Supply driven policies won’t work
The Budget 2017 has allocated Rs 5 billion for this project, about 2 times the annual administration budget of a medium size university. It, therefore, poses three basic problems for the government. First, given the large number of eligible students in AL classes which is swelling year after year and teachers who are attached to those classes, surely, the government cannot give a good quality iPad to them. Hence, it has to go for a low quality tablet which will have a very short life span. Consequently, students who are happy at the time of the distribution of the tablet will be annoyed when they realise that those tablets cannot give them good service. Second, this type of free handouts will impose a huge drain on the government’s resources in the future since the number would be swelling every passing year and once given, it could not be withdrawn even when the government would find it difficult to fund it in the future. Third, these are known supply driven policies and if there is no demand for them, they would be abused by the recipients totally defeating the laudable objective of the government. In a story in YouTube, a daughter presents her father with an iPad as a birthday gift. Later, when she inquires from his how he had been using it, father shows her how he had been using it as kitchen cutting board. This is a warning about what would exactly happen to this ‘supply-driven policy’ in the budget.
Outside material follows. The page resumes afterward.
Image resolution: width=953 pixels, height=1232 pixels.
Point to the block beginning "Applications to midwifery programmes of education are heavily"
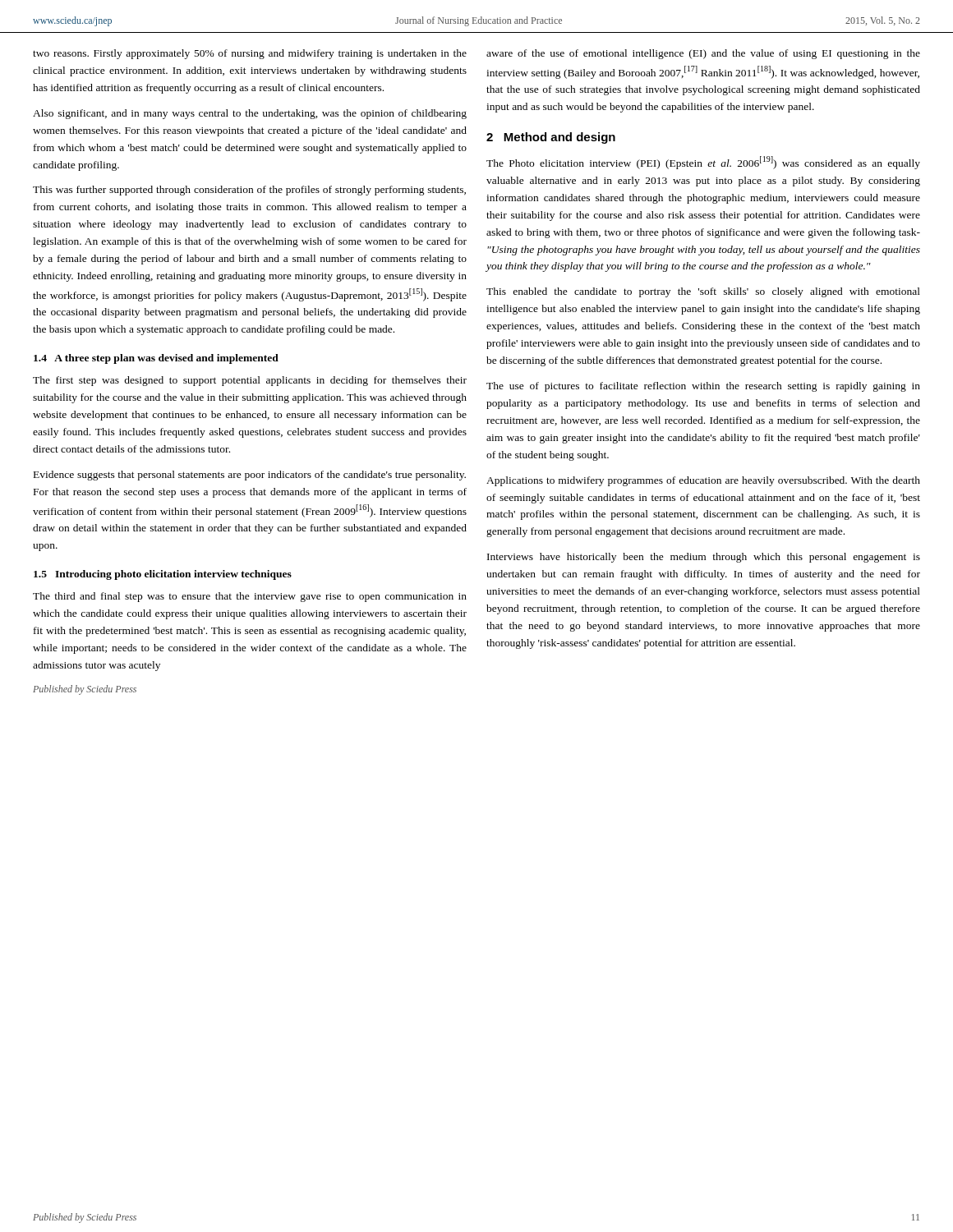[x=703, y=506]

Levy on financial transactions
An example of the ‘budget proposal inconsistency’ is the proposed levy on financial transactions. Accordingly, the Budget 2017 proposes to levy a fee of 0.05% on every financial transaction which works out to Rs 5 per Rs 10,000 worth of transactions. The Budget has not defined what these applicable transactions but has simply revealed that the government expects to raise about Rs 8 billion out of this levy. If it is applied to all the financial transactions that go through the financial services industry, the tax base in 2015 happened to be enormous at Rs 95 trillion, roughly nine times higher than the country’s GDP. It is growing at a rate of 20% per annum generating an estimated tax base of some Rs 137 trillion in 2017. At 0.05%, this tax base would generate some Rs 68 billion as non-tax revenue to the government. Surely, banks and other financial institutions cannot absorb such a big amount of money they pay as levy to government and they have to pass it onto the customers. Then, it would discourage large companies to pay their salaries through electronic modes of payment and individual householders to pay their bills and payments through online payment systems.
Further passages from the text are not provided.